C. Croley's Motion for Judgment of Acquittal Based on the Evidence
Croley last argued during her oral motion for judgment of acquittal that there was insufficient evidence for a trier of fact to find that Count Three was violated as alleged. The Court does not agree. As stated above, the jury was instructed that in order to find Croley guilty for falsely stating Aaron Parrish struck her or to find Croley guilty of omitting Wiley Griffin's name, Croley's guilt must be determined by the evidence beyond a reasonable doubt. During trial, an audio recording was played where Croley said she was in a position to see anyone who hit Mr. Parrish when the deputies took him to the ground. Chip Nix and Robbie Webb testified that they saw Wiley Griffin, IV strike Aaron Parrish. Witnesses Brooke Brown, Vincent Edmonds, Brenda Stogner, and Parrish described Wiley Griffin, IV's involvement during the Bike Fest incident as well. Considering the evidence as a whole and after drawing all reasonable inferences supported by the evidence in favor of the government, the Court finds sufficient evidence for a rational jury to find that Croley intentionally omitted Wiley Griffin, IV from her reports and/or falsely stated that a civilian witnessed Aaron Parrish strike Croley.

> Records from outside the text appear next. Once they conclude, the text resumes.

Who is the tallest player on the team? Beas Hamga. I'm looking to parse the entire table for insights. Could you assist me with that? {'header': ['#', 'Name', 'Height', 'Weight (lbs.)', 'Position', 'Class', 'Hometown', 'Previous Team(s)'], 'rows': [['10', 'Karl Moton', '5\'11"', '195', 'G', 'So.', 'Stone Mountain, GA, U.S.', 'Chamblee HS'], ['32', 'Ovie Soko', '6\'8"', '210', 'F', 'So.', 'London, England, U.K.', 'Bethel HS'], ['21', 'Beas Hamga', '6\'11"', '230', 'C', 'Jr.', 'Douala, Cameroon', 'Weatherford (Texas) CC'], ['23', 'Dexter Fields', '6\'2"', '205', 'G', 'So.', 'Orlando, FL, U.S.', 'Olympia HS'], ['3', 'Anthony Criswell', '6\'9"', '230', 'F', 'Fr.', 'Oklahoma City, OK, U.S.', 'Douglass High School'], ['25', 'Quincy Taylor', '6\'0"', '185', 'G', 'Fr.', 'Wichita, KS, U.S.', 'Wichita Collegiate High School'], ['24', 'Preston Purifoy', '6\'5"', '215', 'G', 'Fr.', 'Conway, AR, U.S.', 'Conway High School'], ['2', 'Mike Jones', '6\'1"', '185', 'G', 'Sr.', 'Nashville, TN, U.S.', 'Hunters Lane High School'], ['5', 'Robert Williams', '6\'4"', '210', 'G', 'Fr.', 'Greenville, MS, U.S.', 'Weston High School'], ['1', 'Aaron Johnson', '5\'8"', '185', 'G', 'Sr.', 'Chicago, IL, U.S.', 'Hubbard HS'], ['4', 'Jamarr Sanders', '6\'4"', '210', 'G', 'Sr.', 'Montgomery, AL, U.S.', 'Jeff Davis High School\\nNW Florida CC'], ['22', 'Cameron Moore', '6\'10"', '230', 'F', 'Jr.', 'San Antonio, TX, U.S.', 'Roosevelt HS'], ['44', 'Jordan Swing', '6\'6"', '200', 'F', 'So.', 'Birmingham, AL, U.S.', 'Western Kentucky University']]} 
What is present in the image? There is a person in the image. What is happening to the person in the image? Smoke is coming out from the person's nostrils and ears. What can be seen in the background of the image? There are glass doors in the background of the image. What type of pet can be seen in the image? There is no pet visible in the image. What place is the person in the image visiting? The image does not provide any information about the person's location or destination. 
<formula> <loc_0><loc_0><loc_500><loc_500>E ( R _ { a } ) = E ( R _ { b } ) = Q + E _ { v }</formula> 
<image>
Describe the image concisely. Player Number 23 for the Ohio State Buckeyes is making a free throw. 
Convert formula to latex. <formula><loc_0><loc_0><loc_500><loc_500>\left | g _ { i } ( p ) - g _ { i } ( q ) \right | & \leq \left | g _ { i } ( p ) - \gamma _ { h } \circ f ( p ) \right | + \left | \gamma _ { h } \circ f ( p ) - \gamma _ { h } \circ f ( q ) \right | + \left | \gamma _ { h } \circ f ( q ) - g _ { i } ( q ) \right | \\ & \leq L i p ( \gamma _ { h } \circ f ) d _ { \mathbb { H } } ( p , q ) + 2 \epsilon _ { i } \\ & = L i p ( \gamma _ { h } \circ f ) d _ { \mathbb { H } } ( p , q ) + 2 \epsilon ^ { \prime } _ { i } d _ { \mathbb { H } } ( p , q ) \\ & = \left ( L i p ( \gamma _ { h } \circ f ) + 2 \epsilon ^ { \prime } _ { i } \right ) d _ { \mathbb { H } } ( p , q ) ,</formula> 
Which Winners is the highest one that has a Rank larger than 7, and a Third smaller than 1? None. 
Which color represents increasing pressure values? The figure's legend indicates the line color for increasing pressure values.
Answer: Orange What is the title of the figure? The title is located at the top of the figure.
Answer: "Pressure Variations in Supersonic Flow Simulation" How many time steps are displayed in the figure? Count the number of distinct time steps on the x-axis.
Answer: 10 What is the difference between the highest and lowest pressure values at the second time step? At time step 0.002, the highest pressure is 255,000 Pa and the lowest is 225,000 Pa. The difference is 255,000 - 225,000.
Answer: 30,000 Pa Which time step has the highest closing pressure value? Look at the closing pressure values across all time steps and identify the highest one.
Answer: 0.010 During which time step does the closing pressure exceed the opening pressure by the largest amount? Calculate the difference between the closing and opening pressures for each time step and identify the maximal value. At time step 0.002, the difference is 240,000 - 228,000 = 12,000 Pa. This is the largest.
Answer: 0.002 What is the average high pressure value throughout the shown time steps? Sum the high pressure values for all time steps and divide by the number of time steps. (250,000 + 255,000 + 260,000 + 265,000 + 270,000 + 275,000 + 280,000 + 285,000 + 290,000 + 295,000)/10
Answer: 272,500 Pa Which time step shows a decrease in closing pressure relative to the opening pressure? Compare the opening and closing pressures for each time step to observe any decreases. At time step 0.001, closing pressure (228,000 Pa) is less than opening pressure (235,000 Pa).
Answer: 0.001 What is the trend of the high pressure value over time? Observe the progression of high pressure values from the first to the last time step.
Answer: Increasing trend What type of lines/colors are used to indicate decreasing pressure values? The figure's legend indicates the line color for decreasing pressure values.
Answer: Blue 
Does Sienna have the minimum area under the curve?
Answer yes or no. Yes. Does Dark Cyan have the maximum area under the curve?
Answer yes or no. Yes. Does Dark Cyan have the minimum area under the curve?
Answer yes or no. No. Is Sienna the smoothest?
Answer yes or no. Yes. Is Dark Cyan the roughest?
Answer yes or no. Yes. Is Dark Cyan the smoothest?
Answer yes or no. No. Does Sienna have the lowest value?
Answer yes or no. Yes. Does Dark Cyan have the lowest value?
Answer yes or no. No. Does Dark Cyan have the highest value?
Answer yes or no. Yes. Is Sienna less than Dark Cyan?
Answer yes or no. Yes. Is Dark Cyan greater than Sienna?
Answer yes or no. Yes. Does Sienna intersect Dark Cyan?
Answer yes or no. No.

Relying essentially on the same evidence as discussed by the Court in the discussion of Count Two above, a rational jury could also find the exclusion and/or concealment of McIntyre's account of the incident intentional as well. McIntyre's statement to Croley claimed Green, not Parrish, hit Croley in the chest. Nevertheless, McIntyre's written statement was omitted by Croley in her disclosure to the District Attorney. Nothing presented during the Defendant's case-in-chief changes the Court's view that a rational trier could find beyond a reasonable doubt Croley guilty of allegations in Count Three. Based on the evidence as a whole, taking into account all the Government's evidence, the circumstances as shown by the evidence and all reasonable inferences shown by the evidence, the Court finds there was sufficient evidence to establish Defendant guilty of Count Three as alleged beyond a reasonable doubt. Croley's motion for judgment of acquittal based on the evidentiary record is denied.
CONCLUSION
For the aforementioned reasons along with the reasons stated in the Court's Orders addressing Defendants Kines and Umbach's motions (Docs. 251, 253) as applied to Croley, Croley's Motion for Judgment of Acquittal and Motion for New Trial are DENIED.
SO ORDERED, this 14th day of March, 2016.